La dette souveraine, la spoliation de l’épargne


Lundi 9 mars a débuté le programme de Quantitative Easing de la BCE qui consiste à racheter la dette publique sur les marchés. Ces mesures qui vont permettre de libérer du cash devraient profiter à la croissance, mais pas à l’épargne. A commencer par l’assurance-vie dont les rendements vont être durement impactés par le QE européen. Nous vous expliquons pourquoi et quelles solutions pour sécuriser votre épargne.

Les rendements des principaux produits financiers au plus bas

Pour lutter contre « l’indéflation » (inflation quasiment nulle), la BCE a lancé un vaste programme de rachat de dette publique (60 milliards d’euros par mois de mars 2015 à septembre 2016) visant à relancer l’inflation et donc l’économie. L’influence du QE sur l’économie reste incertaine. Les retombées positives de cette injection indirecte de liquidité dans l’économie ne sont pas obligatoires, ni immédiates (encore faut-il que tout cet argent soit réinjecté dans l’économie réelle). Si elle booste les marchés, comme on peut déjà le constater avec un CAC40 qui caracole autour des 5000 points, elle affaiblit les rendements placements préférés des Français.

La politique monétaire accommodante mise en place par la BCE a une incidence sur les rendements des principaux produits financiers qui n’ont jamais été aussi bas. « Le taux de rémunération du Livret A a été divisé par quatre depuis 2008 », précise ce dossier de Challenges.
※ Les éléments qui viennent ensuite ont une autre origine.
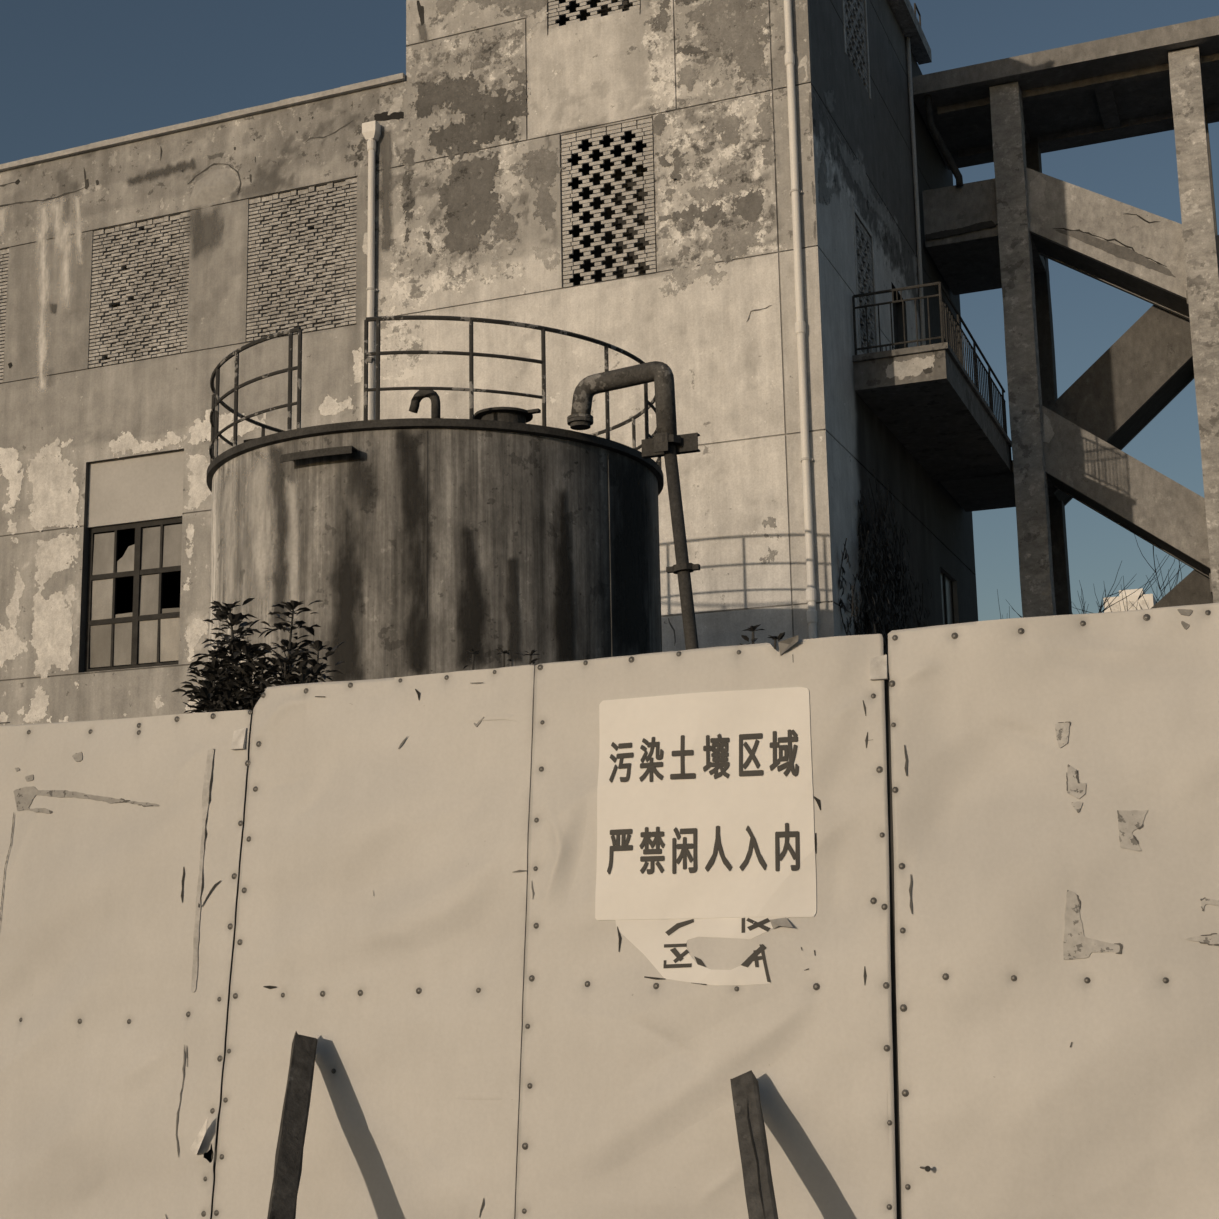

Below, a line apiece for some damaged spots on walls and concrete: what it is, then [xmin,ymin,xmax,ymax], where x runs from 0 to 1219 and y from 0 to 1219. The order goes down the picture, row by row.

leakage [38,196,82,390]
peeling [319,347,364,416]
peeling [0,437,82,725]
peeling [109,409,266,591]
corrosion [221,447,299,622]
corrosion [331,515,362,681]
corrosion [396,431,430,673]
corrosion [458,531,487,665]
corrosion [506,559,521,661]
corrosion [555,492,574,661]
corrosion [614,458,649,654]

Résultat, le Livret A a subi une importante décollecte en janvier 2015, pour le 9e mois consécutif.

« Si les Etats et les multinationales sont ravis de pouvoir emprunter à bon compte, les épargnants, eux, peuvent légitimement se sentir spoliés». C’est déjà le cas en Allemagne et au Luxembourg où les clients de plusieurs banques se retrouvent avec un taux d’intérêt négatif de 0,25%, soit 997,5 euros un an après avoir déposé 1000€.
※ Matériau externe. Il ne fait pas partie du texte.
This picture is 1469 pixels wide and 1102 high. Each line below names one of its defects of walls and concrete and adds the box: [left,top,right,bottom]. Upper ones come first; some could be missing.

Baisse du rendement des fonds euros pour l’assurance-vie

Toujours selon l’article de Challenges, « les contrats en fonds euros, rémunérés en moyenne à 5,8% en 2000, ne dégagent plus que 2,5% de rendement en 2014 ».

Charles Sannat évoque très bien les risques liés à l’assurance-vie dans son document numérique « Les incontournables de la Stratégie Patrimoniale de crise et de la fiscalité » (téléchargeable depuis Le Contrarien) : « Si pendant 30 ans l’assurance-vie s’est avérée un excellent placement notamment grâce aux fonds en euros largement sécurisés et présentant de très bonnes performances, depuis 5 ans les choses ont bien changé. Moins d’avantages fiscaux, des rendements en baisse pour les fonds en euros, et un parcours catastrophique pour les fonds actions ».

L’article du blog LinXea explique pourquoi les rendements des placements assurance-vie vont baisser : les fonds euros sont investis en moyenne à plus de 80 % en obligations d’État. Autrement dit, pour reprendre Challenges, « Sur les 1.550 milliards d’euros d’encours d’assurance-vie, 80% des sommes en jeu sont placés en fonds euros, c’est-à-dire dans des titres de dettes d’Etats ».

LinXea explique que « Les sommes injectées devraient entraîner une forte hausse de la demande d’obligations, provoquant la diminution de leurs taux et, dans le même temps, une nouvelle baisse des fonds en euros ». Le rachat de dette devrait en revanche booster le rendement des placements en unités de compte.

Il est clair que face à la baisse généralisée des rendements de la plupart des produits financiers, les épargnants se sentent lésés et cherchent moins à rentabiliser leurs placements qu’à les sécuriser. Vers quel actif se tourner pour conserver son pouvoir d’achat ? L’or fait partie des solutions, de même que les placements tangibles en particulier, comme l’immobilier, le diamant et les terres agricoles.

Urgence de sécuriser son épargne avec des actifs tangibles

Les actifs tangibles sont une réserve de valeur stable pour la préservation du capital et pour atténuer la volatilité d’un portefeuille de valeurs boursières.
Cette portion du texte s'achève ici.